The government of South Africa has decided it will no longer be extending Zimbabwean special permits and has urged holders of the current permits to move to other permits or leave the country by the end of next year.

“Following its deliberations, government decided to no longer issue extensions to the Zimbabweans’ exemption and special dispensations,” said the Minister in the Presidency, Mondli Gungubele, while briefing the media on the outcomes of the Cabinet meeting on Thursday morning.

“However, cabinet decided on a 12 months grace period at the expiry of the current Zimbabwe Exemption Permits. During this period, holders of this permit should apply to other permits appropriate to their particular status or situation. At the expiry of this 12 months period those who are not successful will have to depart the republic or be deported.”

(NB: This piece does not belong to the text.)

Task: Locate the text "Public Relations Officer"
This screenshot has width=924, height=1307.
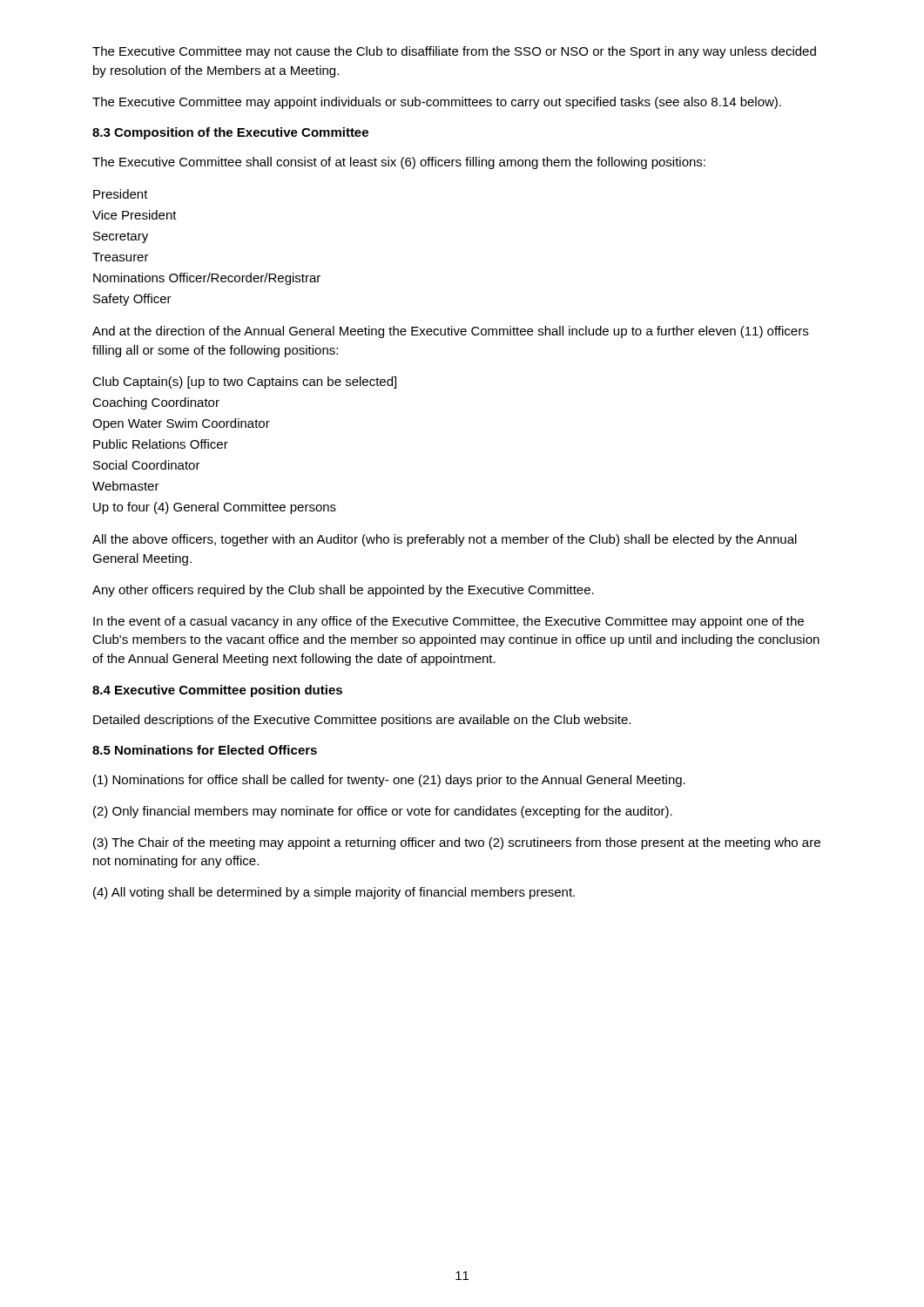Action: click(x=160, y=444)

Minister Ngungubele said the decision was arrived at after serious consideration and realisation that there was a lot of fake news on the matter.

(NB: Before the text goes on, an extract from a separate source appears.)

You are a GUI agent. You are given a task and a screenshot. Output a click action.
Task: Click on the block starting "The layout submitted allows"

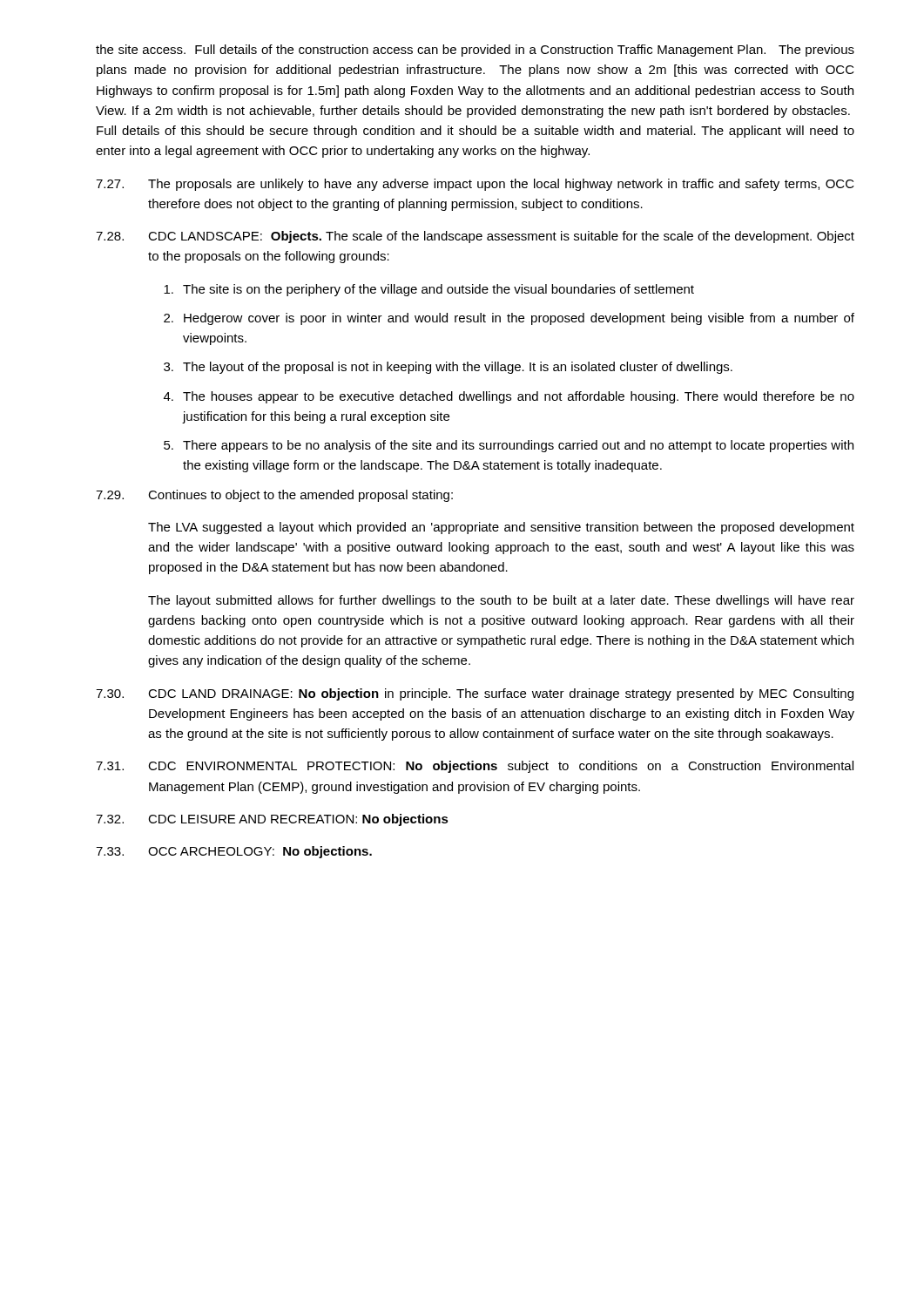pos(501,630)

“The first Zimbabwean dispensation permits started in 2009 and was called the Dispensation of Zimbabwean permits,” he said.

“It provided for the documentation of qualifying Zimbabweans for a five-year period. In 2014, the dispensation was extended by three years and referred to as the Zimbabwe Special Permits (ZSP). The current Zimbabwe Exemption Permit was initiated in 2017 and comes to an end on the 31st of December.”

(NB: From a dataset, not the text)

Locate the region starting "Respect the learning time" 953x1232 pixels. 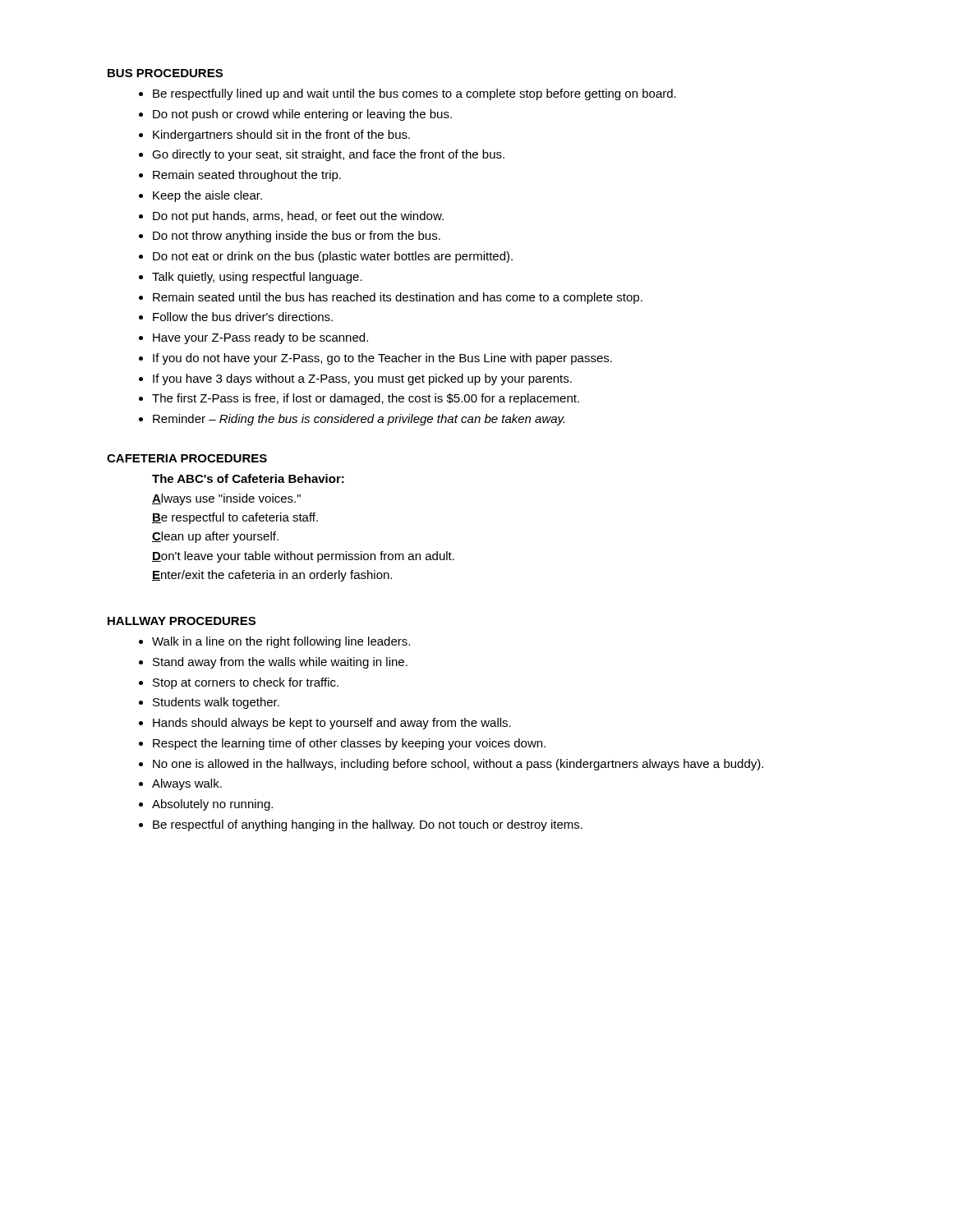[349, 743]

The minister’s clarification comes in the back of a court case by some Zimbabweans seeking to compel the South African government to grant them a permanent residency status following years of special and exemption permits.

The minister also said the cabinet was worried about increasing xenophobic sentiments in the country.

“Cabinet noted the rising xenophobic sentiments in some parts of the country against foreign nationals,” Ngungubele said.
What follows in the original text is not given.